I had several Labradors before I had a muncher, Beth. She ate the kitchen floor! I never replaced it until she grew up, then I installed my nice new floor. . . . . . . . And got another puppy, Anna. Who ate the new kitchen floor!!!!!! That was when, for domestic harmony, I started using a crate. I only used it for nights or when I needed to leave my pup, and I've never had major problems since. Yes a sock pinched off the dryer or a mobile phone charger cable, but I put them down to me not being vigilant enough. I dont put the crate away until my pups are a year old, because neither chewed anything until 9 months old. Like with my floor, you cant teach a dog not to get up to mischief when you are not there, particularly when these things are usually stress related. So the only answer is prevention. Labrador are very much people dogs, and suffer more than most from separation anxiety, particularly in the adolescent stage. He will come out the other side given time and gentle handling.

It turns into a great game of chase
DONT! As you have found, it is a great game as far as he is concerned, and he's faster than you. Dont be afraid of sounding cross, but then lighten up when he looks at you and call him to you. It's a little bit like Jekyll and Hyde. You need him to understand that the behaviour is unacceptable, but at the same time you cant expect him to come if you are sounding cross! One thing we do in working gundog circles is to leave "safe" objects around on the floor for our dogs to pick up. When they do we encourage them to bring them to us and with a quiet "Give" command, take it, look at it then return it to our pup, saying something like, "Oh thats all right love, you can have that!" The object is that our pup learns that we are not going to steal his latest find, that bringing us things is good. Chloe one day brought a live frog in from the garden and I had tomake out that it was the very best present she could have brought me!

You mentioned treats. I wrote a little piece about treats on here a while back which you might find useful.

Treats! Just about every book will tell you to use them as a reward, and yes, they are great at shaping behaviour. But how often do they actually help you shape the behaviour in the way you intended? Sadly nowhere near as often as you would like. But you say, dogs are not easy to train, maybe a higher value treat will help? It’s a fact that treats rarely have more than a very slight help in training. Your dog is really struggling to understand what it is that you want, until it just happens to hit on the right response and it clicks. “Great!” you say, “I’ve finally trained my dog!” No you haven’t, your dog has finally managed to work out what you want, and thats a different thing altogether. Your dog has train it’s self in spite of you rather than because of.

People think as people rather than as dogs. Words play a large part of our thinking, of the way we interpret the actions of others. But to dogs words are just sounds. They have no meaning until they can be connected with an action. Think this scenario for a moment. Your dog sees another dog. You tell it to leave, but it goes anyway.
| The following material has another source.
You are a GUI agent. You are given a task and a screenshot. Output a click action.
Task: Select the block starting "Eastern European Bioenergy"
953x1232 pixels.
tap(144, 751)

You think, there’s no point in calling him because he is not going to come back until he has finished his play, so you stand there twiddling your thumbs until he's finished then you call him back and when he comes you give him a treat for coming. But what does your dog think. "I just had a lovely play, then when I got back mum gave me a lovely treat! Isn't life good!!" He has ignored the command to leave, no bolt of lightening has descended from the sky and smite him down. So, "Obviously that sound "Leave" which I heard obviously means nothing. I can ignore it with impunity." But back to the treat, when did you give it to him? “I made him sit first.” OK then, why did you give him the treat? “Because he came back.” OK, think about what just happened.

1/ Your dog ignored the leave command.

2/ He ran off and had a lovely game.

3/ When he tired of the game he returned

4/ When he arrived back he sat on command

5/ He received his reward.

Now you might think you rewarded the recall, but he has done other things since then. The last thing he did was to sit, so to him that must be what the reward was for. Particularly since you trained him to sit by rewarding him with a treat when he sat! It all ties in, the treat MUST be for sitting! “Oh smashing!” he thinks, “I can do that.” You thought you were teaching a recall, but your dog thinks you were teaching him to sit. The recall was just an irrelevant aside!
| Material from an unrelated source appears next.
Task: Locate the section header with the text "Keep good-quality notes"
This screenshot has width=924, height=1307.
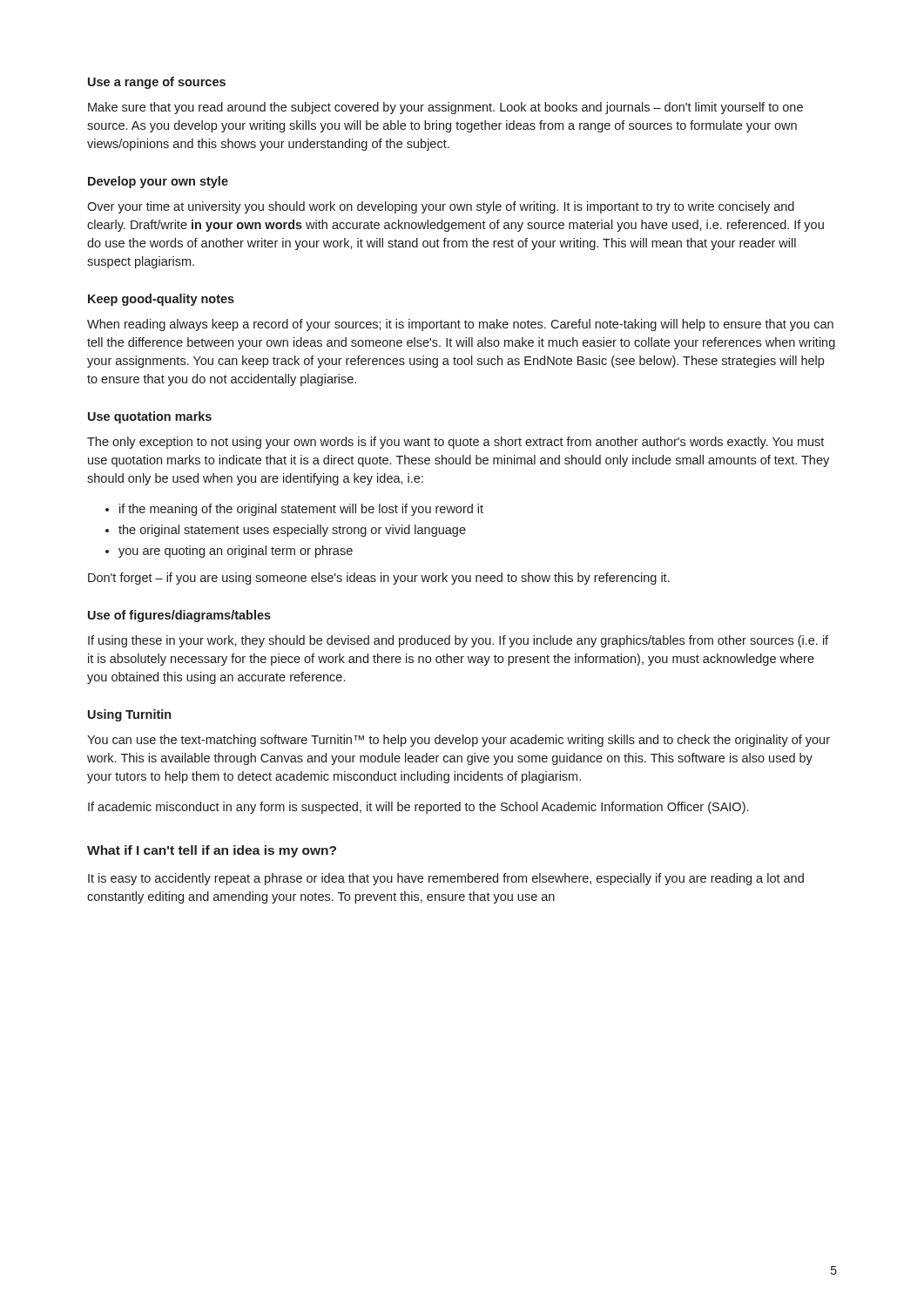Action: [161, 299]

So now you can possibly see why I said at the start, “But how often do they actually help you shape the behaviour in the way you intended? Sadly nowhere near as often as you would like.” Timing is king whether you are using treats as a reward, or voice or hands. Whatever the reward it MUST be associated with the required action, and to do that it MUST be applied immediately, no delay for anything. In my days of training and instructing Competitive Obedience the buzz word was “Back Chaining,” The act of breaking every element of an exercise down into the smallest possible pieces, teach each piece separately and only bring then them together when every part it learned by heart. Now look at the table of events above, four separate elements all of which could be taught separately, easy to handle, easy to reward and easy for your dog to learn. The leave command. (How often will that come in useful!) The Release command, (I use OK then) The recall, (Only ever use when you are pretty sure it will be obeyed. If you are not sure then put yourself in a position what you are able to enforce it.) And the sit command. Every one of those commands can be trained separately and rewarded separately and instantly. Think about what else you need to train. Just about everything can be broken down into small elements. Treats are so useful when training, but they MUST be used correctly or you are just making things difficult for both you and your dog.

Think about training, it does not just happen with no input from you, it’s two way thing. I’ve said it before. I never take my dogs for a walk. I go for a walk with my dogs, and that is a big difference!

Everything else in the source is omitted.